BAGHDAD (AFP) — Iraq’s security forces face a rising chorus of criticism that, with violence at the highest level in years, their heavy-handed tactics and alleged abuses do more harm than good.
Human rights groups, analysts, diplomats and lawmakers have become increasingly vocal over a litany of alleged abuses including mass arrests, prolonged periods of detention without trial, the closure of some neighbourhoods, and detainee abuse.
They say that, far from reining in Iraq’s worst violence since 2008, the tactics are radicalising moderate Sunnis and distancing them from a government that the minority community alleges disproportionately targets them.
“It’s impossible to ignore the connection between the abuses the security forces are carrying out and the really significant increase in violence,” said Erin Evers, Iraq researcher for New York-based Human Rights Watch, adding that a culture of impunity for both militants and security forces is exacerbating the situation.

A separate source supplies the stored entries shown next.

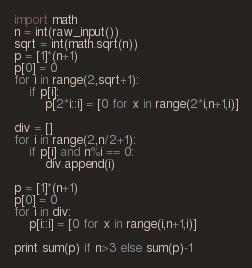Convert code to text. <code><loc_0><loc_0><loc_500><loc_500><_Python_>import math
n = int(raw_input())
sqrt = int(math.sqrt(n))
p = [1]*(n+1)
p[0] = 0
for i in range(2,sqrt+1):
	if p[i]:
		p[2*i::i] = [0 for x in range(2*i,n+1,i)]

div = []
for i in range(2,n/2+1):
	if p[i] and n%i == 0:
		div.append(i)

p = [1]*(n+1)
p[0] = 0
for i in div:
	p[i::i] = [0 for x in range(i,n+1,i)]
	
print sum(p) if n>3 else sum(p)-1 </code> 
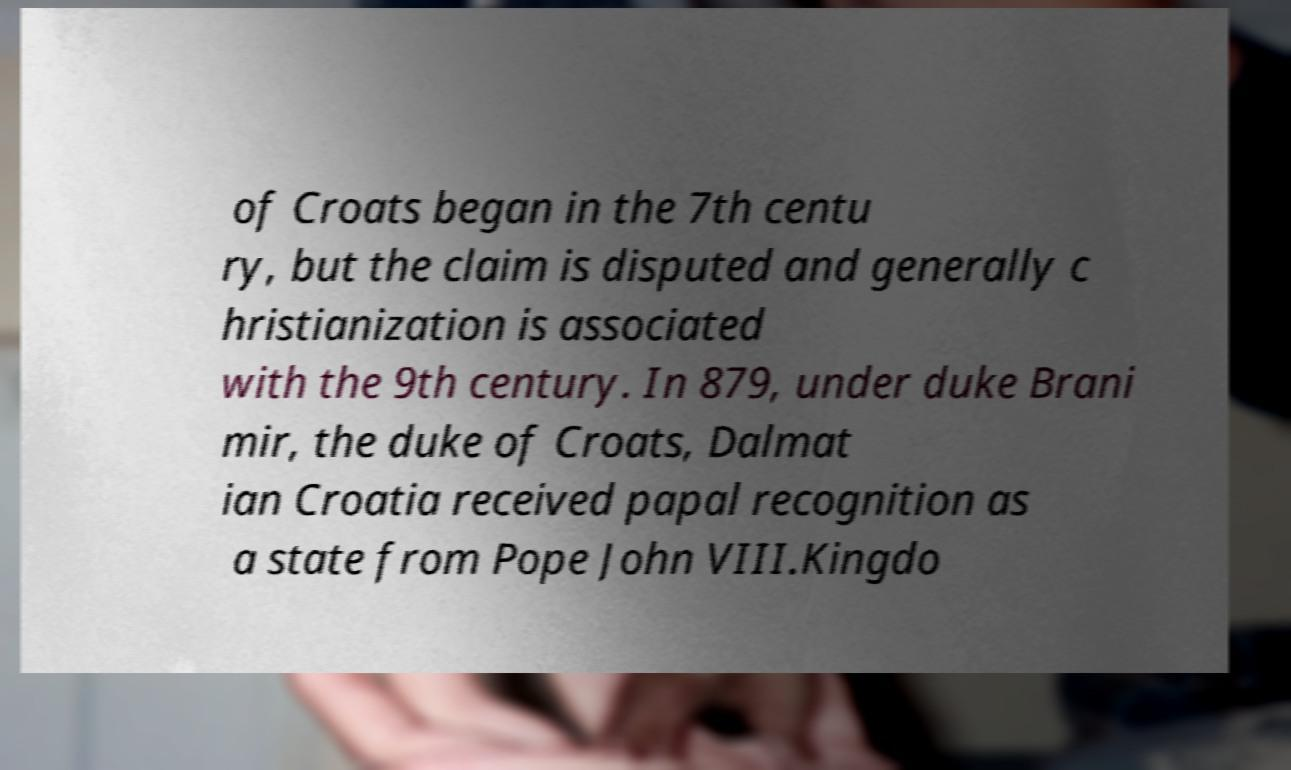Could you assist in decoding the text presented in this image and type it out clearly? of Croats began in the 7th centu ry, but the claim is disputed and generally c hristianization is associated with the 9th century. In 879, under duke Brani mir, the duke of Croats, Dalmat ian Croatia received papal recognition as a state from Pope John VIII.Kingdo 
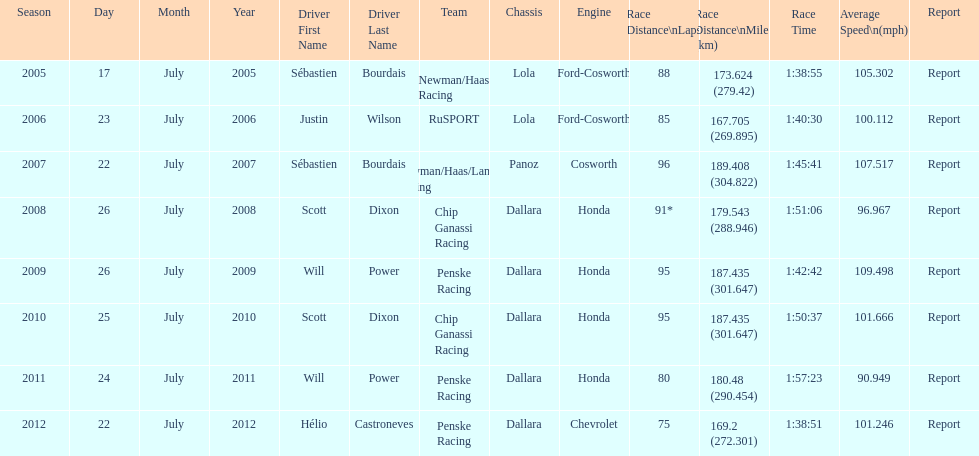Help me parse the entirety of this table. {'header': ['Season', 'Day', 'Month', 'Year', 'Driver First Name', 'Driver Last Name', 'Team', 'Chassis', 'Engine', 'Race Distance\\nLaps', 'Race Distance\\nMiles (km)', 'Race Time', 'Average Speed\\n(mph)', 'Report'], 'rows': [['2005', '17', 'July', '2005', 'Sébastien', 'Bourdais', 'Newman/Haas Racing', 'Lola', 'Ford-Cosworth', '88', '173.624 (279.42)', '1:38:55', '105.302', 'Report'], ['2006', '23', 'July', '2006', 'Justin', 'Wilson', 'RuSPORT', 'Lola', 'Ford-Cosworth', '85', '167.705 (269.895)', '1:40:30', '100.112', 'Report'], ['2007', '22', 'July', '2007', 'Sébastien', 'Bourdais', 'Newman/Haas/Lanigan Racing', 'Panoz', 'Cosworth', '96', '189.408 (304.822)', '1:45:41', '107.517', 'Report'], ['2008', '26', 'July', '2008', 'Scott', 'Dixon', 'Chip Ganassi Racing', 'Dallara', 'Honda', '91*', '179.543 (288.946)', '1:51:06', '96.967', 'Report'], ['2009', '26', 'July', '2009', 'Will', 'Power', 'Penske Racing', 'Dallara', 'Honda', '95', '187.435 (301.647)', '1:42:42', '109.498', 'Report'], ['2010', '25', 'July', '2010', 'Scott', 'Dixon', 'Chip Ganassi Racing', 'Dallara', 'Honda', '95', '187.435 (301.647)', '1:50:37', '101.666', 'Report'], ['2011', '24', 'July', '2011', 'Will', 'Power', 'Penske Racing', 'Dallara', 'Honda', '80', '180.48 (290.454)', '1:57:23', '90.949', 'Report'], ['2012', '22', 'July', '2012', 'Hélio', 'Castroneves', 'Penske Racing', 'Dallara', 'Chevrolet', '75', '169.2 (272.301)', '1:38:51', '101.246', 'Report']]} How many flags other than france (the first flag) are represented? 3. 
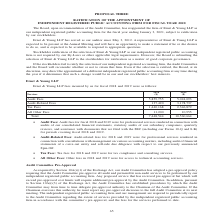From Sunpower Corporation's financial document, What are the components of the fees incurred? The document contains multiple relevant values: Audit Fees, Audit-Related Fees, Tax Fees, All Other Fees. From the document: "Audit Fees 5,859,755 5,024,093 Audit-Related Fees 137,420 3,178,737 Tax Fees 1,440,168 2,346,879 All Other Fees 11,200 10,955..." Also, What are the other fees for in 2018 and 2019? For access to technical accounting services.. The document states: "• All Other Fees: Other fees in 2018 and 2019 were for access to technical accounting services...." Also, What are the tax fees used for? For tax compliance and consulting services.. The document states: "• Tax Fees: Tax fees for 2018 and 2019 were for tax compliance and consulting services...." Additionally, Which year was the tax fees higher? According to the financial document, 2019. The relevant text states: "Services 2018 ($) 2019 ($)..." Also, can you calculate: What was the change in audit fees? Based on the calculation: 5,024,093-5,859,755 , the result is -835662. This is based on the information: "Audit Fees 5,859,755 5,024,093 Audit Fees 5,859,755 5,024,093..." The key data points involved are: 5,024,093, 5,859,755. Also, can you calculate: What was the percentage change in total fees from 2018 to 2019? To answer this question, I need to perform calculations using the financial data. The calculation is: ( 10,560,664 - 7,448,544 )/ 7,448,544 , which equals 41.78 (percentage). This is based on the information: "Total 7,448,544 10,560,664 Total 7,448,544 10,560,664..." The key data points involved are: 10,560,664, 7,448,544. 
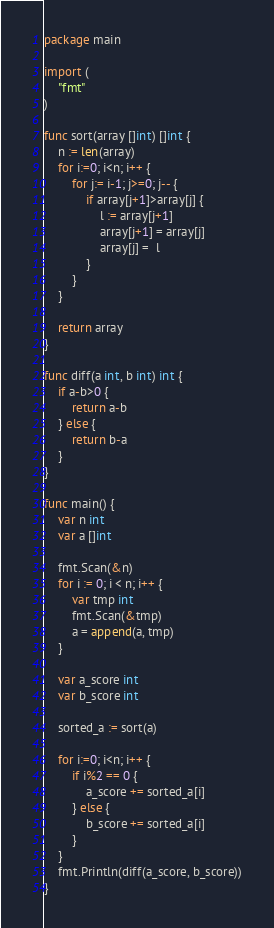<code> <loc_0><loc_0><loc_500><loc_500><_Go_>package main

import (
	"fmt"
)

func sort(array []int) []int {
	n := len(array)
	for i:=0; i<n; i++ {
		for j:= i-1; j>=0; j-- {
			if array[j+1]>array[j] {
				l := array[j+1]
				array[j+1] = array[j]
				array[j] =  l
			}
		}
	}

	return array
}

func diff(a int, b int) int {
	if a-b>0 {
		return a-b
	} else {
		return b-a
	}
}

func main() {
	var n int
	var a []int

	fmt.Scan(&n)
	for i := 0; i < n; i++ {
		var tmp int
		fmt.Scan(&tmp)
		a = append(a, tmp)
	}

	var a_score int
	var b_score int

	sorted_a := sort(a)

	for i:=0; i<n; i++ {
		if i%2 == 0 {
			a_score += sorted_a[i]
		} else {
			b_score += sorted_a[i]
		}
	}
	fmt.Println(diff(a_score, b_score))
}
</code> 
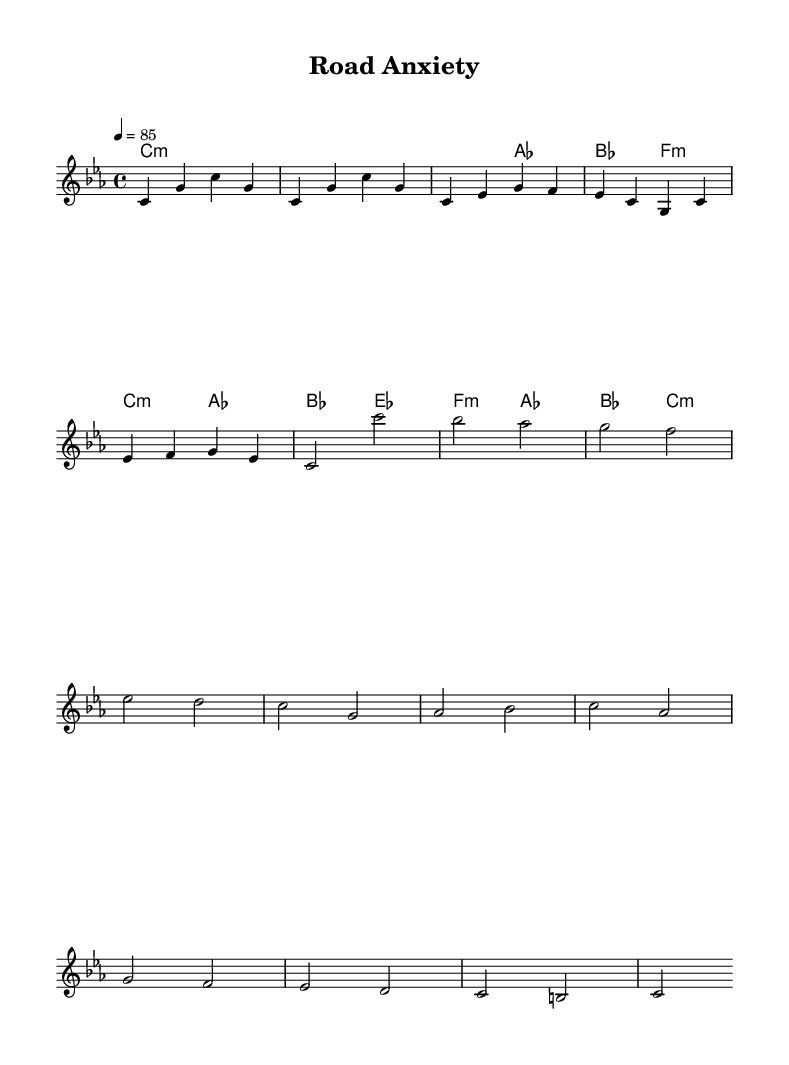What is the key signature of this music? The key signature is C minor, which contains three flat notes: B flat, E flat, and A flat. This can be determined by looking at the key signature section in the music where the flats are indicated.
Answer: C minor What is the time signature of this music? The time signature is 4/4, which means there are four beats in each measure, and a quarter note receives one beat. This is typically found at the beginning of the score.
Answer: 4/4 What is the tempo marking for this piece? The tempo marking is 85, indicating the speed at which the piece should be played. This is usually indicated with a numerical marking under the tempo indication at the beginning of the score.
Answer: 85 How many measures are in the chorus section? The chorus section consists of three measures, as indicated by counting the measures that contain the chorus melody. Each measure is separated by bar lines.
Answer: 3 measures Which chord appears in the introduction? The chord that appears in the introduction is C minor, as indicated by the chord symbols written above the melody for the introduction section.
Answer: C minor What is the last chord in the bridge section? The last chord in the bridge section is C minor, which is found by examining the chord progression written in the harmonies for that section and noting the final chord symbol.
Answer: C minor 
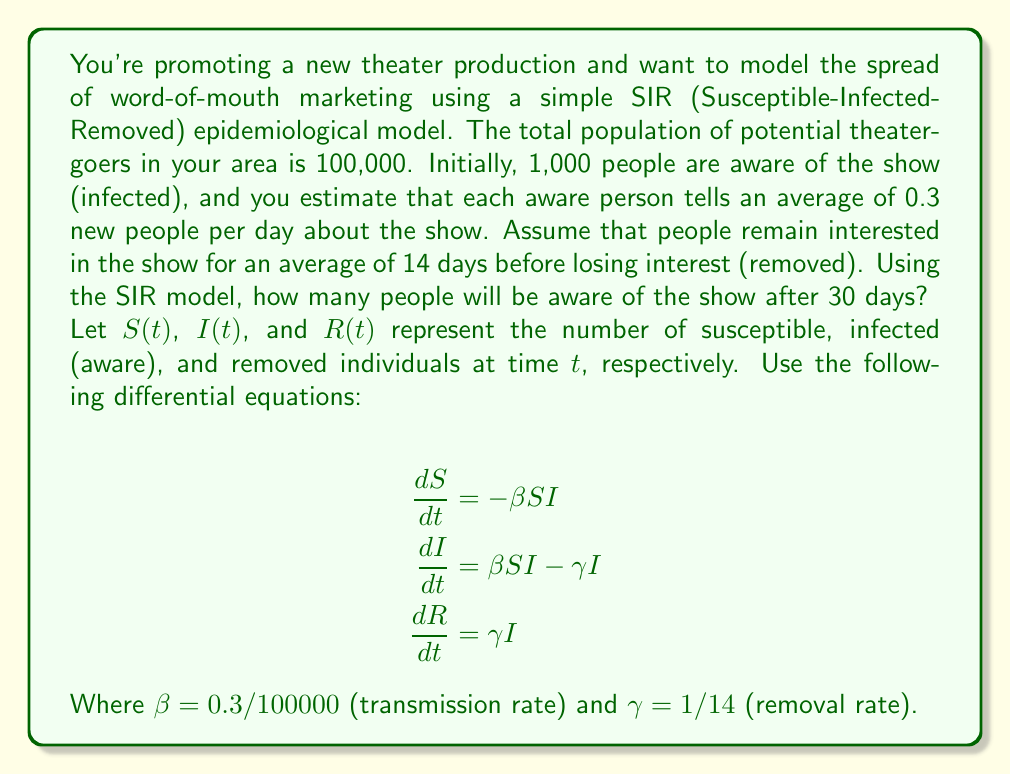Teach me how to tackle this problem. To solve this problem, we need to use numerical methods to approximate the solution to the SIR model differential equations. We'll use the Euler method with a small time step for simplicity.

1. Initialize variables:
   $S_0 = 99000$, $I_0 = 1000$, $R_0 = 0$
   $\beta = 0.3/100000 = 3 \times 10^{-6}$
   $\gamma = 1/14 \approx 0.0714$
   $\Delta t = 0.1$ (time step)
   $T = 30$ (total time)

2. Implement the Euler method:
   For each time step $i$ from 0 to $T/\Delta t - 1$:
   $$S_{i+1} = S_i - \beta S_i I_i \Delta t$$
   $$I_{i+1} = I_i + (\beta S_i I_i - \gamma I_i) \Delta t$$
   $$R_{i+1} = R_i + \gamma I_i \Delta t$$

3. Python code to implement the solution:

```python
import numpy as np

S, I, R = 99000, 1000, 0
beta, gamma = 3e-6, 1/14
dt, T = 0.1, 30

t = np.arange(0, T+dt, dt)
for _ in range(len(t)-1):
    dSdt = -beta * S * I
    dIdt = beta * S * I - gamma * I
    dRdt = gamma * I
    
    S += dSdt * dt
    I += dIdt * dt
    R += dRdt * dt

print(f"After 30 days, {I:.0f} people are aware of the show.")
```

4. Running this code gives us the final result.
Answer: After 30 days, approximately 21,148 people will be aware of the show. 
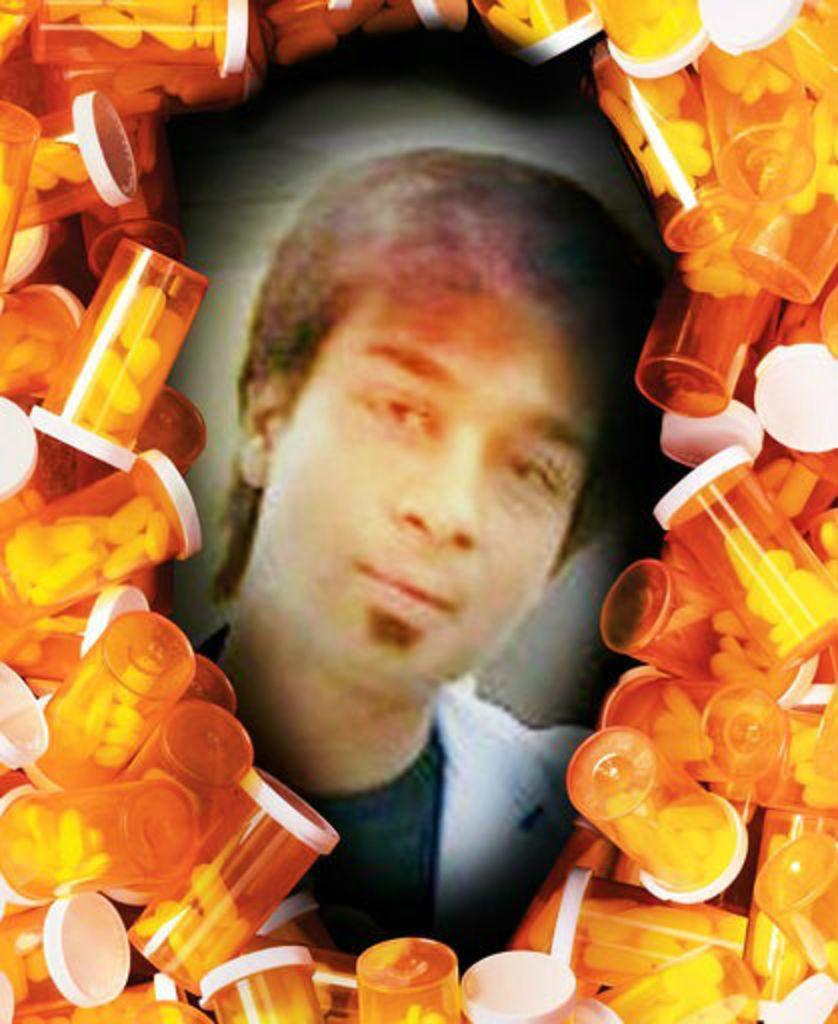What is the main subject of the image? The main subject of the image is a person's photo. What else can be seen in the image besides the person's photo? There are many bottles and pills visible in the image. How many chairs are visible in the image? There are no chairs visible in the image. What type of basin is present in the image? There is no basin present in the image.

Iraq is grappling with its worst protracted period of bloodshed since it emerged from the brutal Sunni-Shiite sectarian war that peaked in 2006-07 and left tens of thousands dead.
More than 6,750 people have been killed this year, according to an AFP tally.
The Shiite-led authorities and security forces have for months trumpeted massive operations targeting militants, which they say have led to the killing and capture of insurgents and the dismantling of training camps and bomb-making sites, insisting that they are making progress in combating violence.
But they have faced criticism for focusing on the security aspect of the problem and not doing more to address the underlying frustration in the disaffected Sunni community, members of which allege not only mistreatment at the hands of the security forces but also difficulty accessing government jobs and investment.
In particular, Sunnis say they are targeted by the army and police for mass warrantless arrests, long periods of detention, and physical abuse while they are being held.
“It’s a big problem,” Munjid al-Rezali, who heads Iraq’s Medical Legal Institute (MLI), said of torture in prison.